A lot of other global investment firms would probably do similar.. this extra demand for Australian dollars will put upward pressure on it and it will appreciate against other currencies

Long story short, as soon as money markets believe a country’s interest rates might go up, they’ll buy that currency (and vice versa). The more certain they are, the more the currency will appreciate as they buy it and park their money there

NB: the handy way of remembering this relationship is to simply think about what you’d do with your own money if you knew two countries offered different interest rates - all else equal, you’d probably want to put your money into the one with the higher returns, meaning you have to trade whatever currency you currently hold for the new currency, causing it to appreciate in value.


Maybe this is too late to Answer.

But to get the answer of your query you need to consider two aspects-

First, you need to consider inflation as an indicator in the economic barometer and it is directly reflects the growth of economy, but too much inflation can cause stagflation and too low inflation can cause deflation. So too much incline of this indicator in any direction tends to crash of the economy.

Second, currency is get traded in the world market. And for currency demand and supply are considered in terms of currency trade happens between two countries. For carry-trade country holds currency of other countries having the higher interest rate. Let's consider Country A having interest rate 1.2 holds currency of another country B having an interest rate of 1.5 for 3 months. Then country A gets paid by the country B based on its interest rate. This is called investment in currency. Since the higher interest rate increases demand of the country B currency it increases the value of its currency.

Now the value of the currency in the world market is bad or good depending upon what are policies country willing to imposed on import and export. Since if the country is targetting more export then the lower currency value is considered as good for the economy and if the country is targetting more import then higher currency value is considered as good for the economy, read more on balance of trade.


This came in late but let me simplify things a little bit, An increased Real G.D.P of an economy will lead to Increase in Demand, Which will lead to Increase in Prices(inflation), this will then lead to Increased Real Interest Rates(The banks will try an make up for the increase in prices of goods), This of course now leads to Decreased Demand > Disinflation > Decreased Interest Rates > Decreased Real G.D.P.


Well, maybe it's poor phrasing by Investopedia. Inflation would drive interest rates up, but not the other way around.

All things being equal, increasing interest rates will reduce inflation or generate deflation.

In the real world, all things are not equal and when interest rates start going up, it's often trying to keep up with inflation, so they end up linked together.
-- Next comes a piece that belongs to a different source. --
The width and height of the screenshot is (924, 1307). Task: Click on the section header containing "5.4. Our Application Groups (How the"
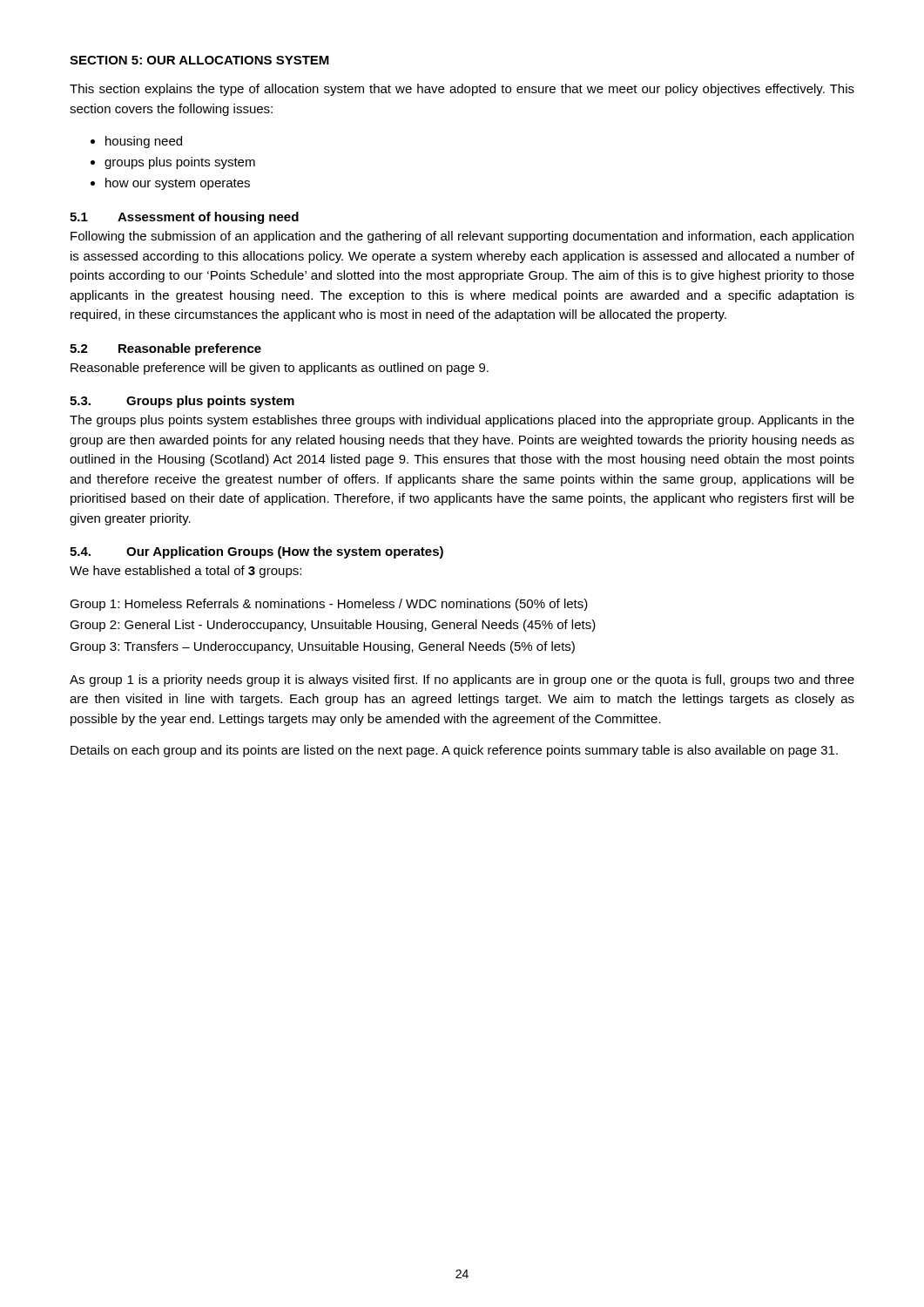pyautogui.click(x=257, y=551)

As for the currency appreciation, higher interest rates won't drive all form of investment up, only lending from global markets will increase. On the other hand, businesses will be incentivized to relocate outside the country and also consumers will be importing a lot more.


While individual actions can be an important variable in determining exchange rates, the role of private banks far outweighs what the public can and does do.

While there are non-monetary factors in determining exchange rate, monetary components are still of primary importance.

Put simply, banks create money. They create money (aka liquidity) by mismatching short term debt with long term assets (maturity mismatching). When banks face higher interest rates, they can not create as much money (we are talking broad money like M3). So less money from nation X relative to nation Y, means the money from nation X will go up.

If you are curious about this works, I suggest reading the following graphs.

Here is a value of the US dollar over time (weighted against multiple currencies):


Here is a graph of the M3 money supply:

http://www.shadowstats.com/charts/monetary-base-money-supply (4th chart down...the long term one).

Notice how they share the peaks in 1985, a trough from 1990 to 1995, a peak in 2003 and then a downswing in 2005. That to me is a pretty good correlation and proof that more money (M3) = weaker dollar.